* Aim of the task *
Wherever "radius" turns up in a line of the entries below, that line counts. Say how many such lines there are, with no other words.

* Records for this task *
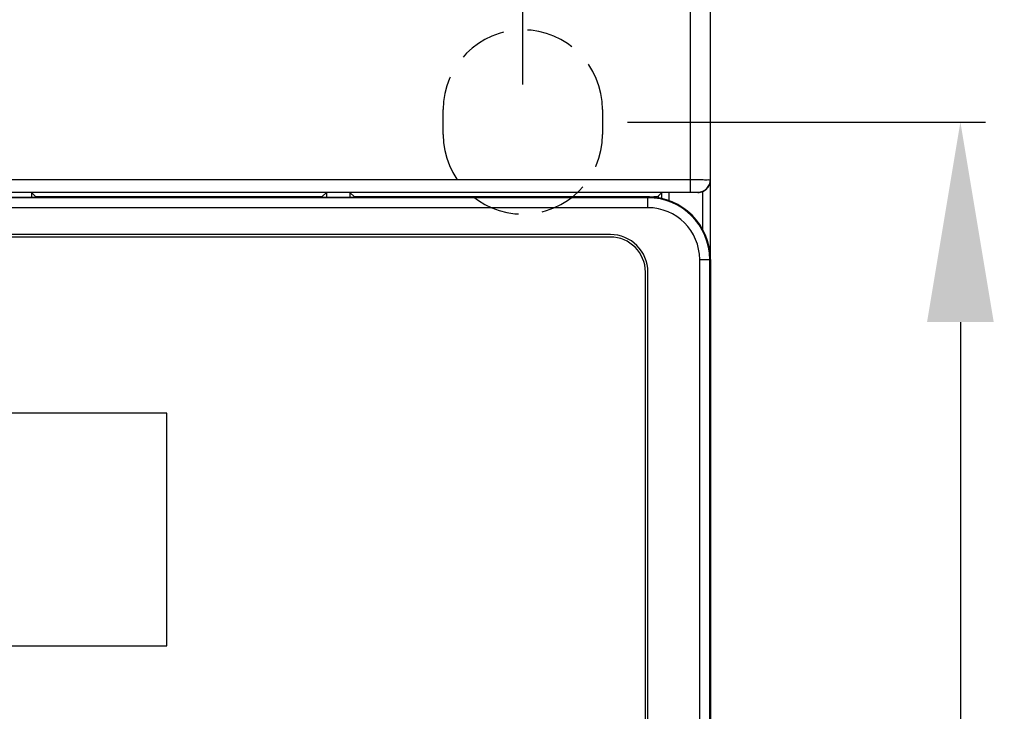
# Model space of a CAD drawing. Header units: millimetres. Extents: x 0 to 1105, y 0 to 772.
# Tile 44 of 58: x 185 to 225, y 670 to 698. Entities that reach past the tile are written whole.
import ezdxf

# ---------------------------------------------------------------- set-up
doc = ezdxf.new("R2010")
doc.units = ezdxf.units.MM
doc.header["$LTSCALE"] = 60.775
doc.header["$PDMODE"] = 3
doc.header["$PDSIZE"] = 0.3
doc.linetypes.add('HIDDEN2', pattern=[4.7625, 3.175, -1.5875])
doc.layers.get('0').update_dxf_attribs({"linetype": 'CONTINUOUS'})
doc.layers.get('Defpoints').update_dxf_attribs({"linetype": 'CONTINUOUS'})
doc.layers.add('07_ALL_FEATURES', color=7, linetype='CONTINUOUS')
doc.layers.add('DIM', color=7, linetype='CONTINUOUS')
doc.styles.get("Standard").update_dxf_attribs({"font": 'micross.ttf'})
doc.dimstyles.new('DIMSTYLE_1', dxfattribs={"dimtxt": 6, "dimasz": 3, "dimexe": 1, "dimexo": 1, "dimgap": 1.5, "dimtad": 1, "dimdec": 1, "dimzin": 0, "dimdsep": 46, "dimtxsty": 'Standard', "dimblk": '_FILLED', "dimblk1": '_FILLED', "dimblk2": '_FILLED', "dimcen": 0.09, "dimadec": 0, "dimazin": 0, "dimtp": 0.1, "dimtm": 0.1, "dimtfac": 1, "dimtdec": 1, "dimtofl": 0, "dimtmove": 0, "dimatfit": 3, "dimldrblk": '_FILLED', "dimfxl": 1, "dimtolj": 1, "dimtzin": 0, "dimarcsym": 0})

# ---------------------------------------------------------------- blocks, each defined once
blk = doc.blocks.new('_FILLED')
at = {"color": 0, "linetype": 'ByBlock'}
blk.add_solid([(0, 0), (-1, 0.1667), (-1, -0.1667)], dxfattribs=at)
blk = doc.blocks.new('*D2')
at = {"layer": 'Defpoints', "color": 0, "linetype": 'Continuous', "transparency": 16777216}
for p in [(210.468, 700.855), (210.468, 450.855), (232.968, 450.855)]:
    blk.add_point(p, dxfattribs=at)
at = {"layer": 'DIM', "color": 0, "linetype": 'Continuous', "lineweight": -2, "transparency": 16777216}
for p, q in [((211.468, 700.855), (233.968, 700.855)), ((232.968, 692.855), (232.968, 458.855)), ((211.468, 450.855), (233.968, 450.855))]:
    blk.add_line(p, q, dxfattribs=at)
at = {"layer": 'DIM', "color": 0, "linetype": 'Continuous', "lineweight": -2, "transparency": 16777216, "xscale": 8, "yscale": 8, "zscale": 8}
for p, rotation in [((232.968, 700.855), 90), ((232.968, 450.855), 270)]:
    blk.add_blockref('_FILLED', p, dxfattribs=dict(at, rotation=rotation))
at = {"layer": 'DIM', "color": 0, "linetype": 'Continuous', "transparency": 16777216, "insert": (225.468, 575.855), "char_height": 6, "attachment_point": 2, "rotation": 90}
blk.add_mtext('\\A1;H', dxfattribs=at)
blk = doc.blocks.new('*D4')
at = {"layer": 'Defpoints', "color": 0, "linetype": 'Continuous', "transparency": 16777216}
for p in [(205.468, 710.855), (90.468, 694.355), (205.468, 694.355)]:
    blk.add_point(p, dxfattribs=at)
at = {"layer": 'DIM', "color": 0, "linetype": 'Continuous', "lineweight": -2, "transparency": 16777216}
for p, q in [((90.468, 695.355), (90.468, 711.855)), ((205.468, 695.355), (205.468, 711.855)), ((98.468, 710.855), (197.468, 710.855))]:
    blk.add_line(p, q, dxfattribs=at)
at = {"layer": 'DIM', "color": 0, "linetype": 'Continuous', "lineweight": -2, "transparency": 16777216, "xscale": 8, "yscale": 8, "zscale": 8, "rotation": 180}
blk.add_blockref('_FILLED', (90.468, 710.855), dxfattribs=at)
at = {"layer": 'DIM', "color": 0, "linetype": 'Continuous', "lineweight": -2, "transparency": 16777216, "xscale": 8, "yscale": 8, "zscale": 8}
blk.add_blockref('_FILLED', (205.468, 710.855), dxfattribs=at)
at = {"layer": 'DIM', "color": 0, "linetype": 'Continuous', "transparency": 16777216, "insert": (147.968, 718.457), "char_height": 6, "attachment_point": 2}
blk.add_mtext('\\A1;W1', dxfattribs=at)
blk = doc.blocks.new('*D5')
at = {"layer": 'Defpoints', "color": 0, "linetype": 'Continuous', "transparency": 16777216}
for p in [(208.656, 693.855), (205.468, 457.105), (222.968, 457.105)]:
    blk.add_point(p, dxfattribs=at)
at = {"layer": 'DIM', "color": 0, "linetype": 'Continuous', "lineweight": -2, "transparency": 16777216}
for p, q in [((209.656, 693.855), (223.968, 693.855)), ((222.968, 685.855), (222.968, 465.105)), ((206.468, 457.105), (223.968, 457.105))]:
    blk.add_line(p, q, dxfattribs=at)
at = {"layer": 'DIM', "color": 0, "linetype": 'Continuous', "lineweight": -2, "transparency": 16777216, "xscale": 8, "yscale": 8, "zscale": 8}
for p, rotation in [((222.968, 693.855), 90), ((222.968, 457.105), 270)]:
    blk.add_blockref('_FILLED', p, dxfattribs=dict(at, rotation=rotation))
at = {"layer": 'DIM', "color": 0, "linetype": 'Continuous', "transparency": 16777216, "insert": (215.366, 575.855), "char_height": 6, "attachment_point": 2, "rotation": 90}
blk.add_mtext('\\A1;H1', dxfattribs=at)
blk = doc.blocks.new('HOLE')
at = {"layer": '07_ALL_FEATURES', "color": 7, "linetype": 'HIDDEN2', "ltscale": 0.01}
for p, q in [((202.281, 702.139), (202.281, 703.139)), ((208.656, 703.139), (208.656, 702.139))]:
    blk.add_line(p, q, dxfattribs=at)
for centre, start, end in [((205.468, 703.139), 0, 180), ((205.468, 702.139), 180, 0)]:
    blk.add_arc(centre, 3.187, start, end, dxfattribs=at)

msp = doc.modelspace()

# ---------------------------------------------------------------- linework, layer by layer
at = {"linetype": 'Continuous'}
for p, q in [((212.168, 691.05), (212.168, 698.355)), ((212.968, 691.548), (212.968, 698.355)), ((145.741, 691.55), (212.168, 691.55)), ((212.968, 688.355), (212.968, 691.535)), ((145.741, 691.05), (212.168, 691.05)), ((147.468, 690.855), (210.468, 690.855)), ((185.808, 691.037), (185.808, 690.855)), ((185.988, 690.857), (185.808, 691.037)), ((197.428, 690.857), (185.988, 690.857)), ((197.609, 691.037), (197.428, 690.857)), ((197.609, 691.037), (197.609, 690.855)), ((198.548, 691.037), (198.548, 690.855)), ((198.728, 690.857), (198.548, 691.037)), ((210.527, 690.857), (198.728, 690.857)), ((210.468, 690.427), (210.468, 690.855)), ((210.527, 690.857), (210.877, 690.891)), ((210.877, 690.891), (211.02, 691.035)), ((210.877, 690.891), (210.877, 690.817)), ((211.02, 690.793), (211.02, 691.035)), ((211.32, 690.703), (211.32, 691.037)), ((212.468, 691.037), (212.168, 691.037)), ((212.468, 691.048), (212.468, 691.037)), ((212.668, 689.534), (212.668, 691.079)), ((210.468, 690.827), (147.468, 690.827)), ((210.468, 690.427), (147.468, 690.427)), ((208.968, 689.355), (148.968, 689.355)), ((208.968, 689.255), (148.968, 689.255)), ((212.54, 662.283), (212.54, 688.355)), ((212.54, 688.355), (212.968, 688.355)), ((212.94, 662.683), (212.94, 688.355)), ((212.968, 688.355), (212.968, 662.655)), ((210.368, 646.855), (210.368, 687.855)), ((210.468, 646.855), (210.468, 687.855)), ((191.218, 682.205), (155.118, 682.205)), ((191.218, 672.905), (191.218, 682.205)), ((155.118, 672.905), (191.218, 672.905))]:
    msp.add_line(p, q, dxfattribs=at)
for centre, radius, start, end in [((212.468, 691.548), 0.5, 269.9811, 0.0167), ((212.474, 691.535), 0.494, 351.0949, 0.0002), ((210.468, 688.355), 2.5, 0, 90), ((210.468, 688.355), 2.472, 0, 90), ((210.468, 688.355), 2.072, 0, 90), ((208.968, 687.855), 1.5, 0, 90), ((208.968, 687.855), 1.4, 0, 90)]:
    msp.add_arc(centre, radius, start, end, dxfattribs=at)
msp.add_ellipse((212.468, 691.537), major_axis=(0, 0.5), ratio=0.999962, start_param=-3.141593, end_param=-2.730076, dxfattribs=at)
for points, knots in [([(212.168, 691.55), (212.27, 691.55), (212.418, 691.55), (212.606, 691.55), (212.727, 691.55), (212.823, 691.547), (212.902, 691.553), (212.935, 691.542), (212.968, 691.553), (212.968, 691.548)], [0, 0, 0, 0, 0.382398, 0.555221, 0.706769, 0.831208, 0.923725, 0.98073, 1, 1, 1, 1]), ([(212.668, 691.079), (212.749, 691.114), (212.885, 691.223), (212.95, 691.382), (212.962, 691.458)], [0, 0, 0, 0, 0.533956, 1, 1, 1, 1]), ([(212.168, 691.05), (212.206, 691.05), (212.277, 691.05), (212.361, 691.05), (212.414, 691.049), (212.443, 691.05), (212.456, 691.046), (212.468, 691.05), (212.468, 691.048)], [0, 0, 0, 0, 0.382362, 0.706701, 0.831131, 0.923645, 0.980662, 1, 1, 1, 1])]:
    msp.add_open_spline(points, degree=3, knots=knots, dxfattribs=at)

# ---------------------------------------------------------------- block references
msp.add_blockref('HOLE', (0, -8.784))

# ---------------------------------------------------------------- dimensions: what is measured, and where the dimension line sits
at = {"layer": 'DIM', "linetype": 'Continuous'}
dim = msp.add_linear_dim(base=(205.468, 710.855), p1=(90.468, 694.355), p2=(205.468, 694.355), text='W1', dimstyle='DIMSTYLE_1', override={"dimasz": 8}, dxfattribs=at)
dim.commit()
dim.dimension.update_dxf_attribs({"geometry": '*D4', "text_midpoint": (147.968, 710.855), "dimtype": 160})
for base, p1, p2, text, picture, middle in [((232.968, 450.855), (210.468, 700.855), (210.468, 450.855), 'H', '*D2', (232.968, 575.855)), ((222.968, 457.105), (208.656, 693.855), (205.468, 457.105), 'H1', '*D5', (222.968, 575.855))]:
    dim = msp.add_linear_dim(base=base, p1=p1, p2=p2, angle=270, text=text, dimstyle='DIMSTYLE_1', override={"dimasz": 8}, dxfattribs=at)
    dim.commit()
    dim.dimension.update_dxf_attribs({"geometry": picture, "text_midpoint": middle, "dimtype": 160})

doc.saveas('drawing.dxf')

* Exercise output *
2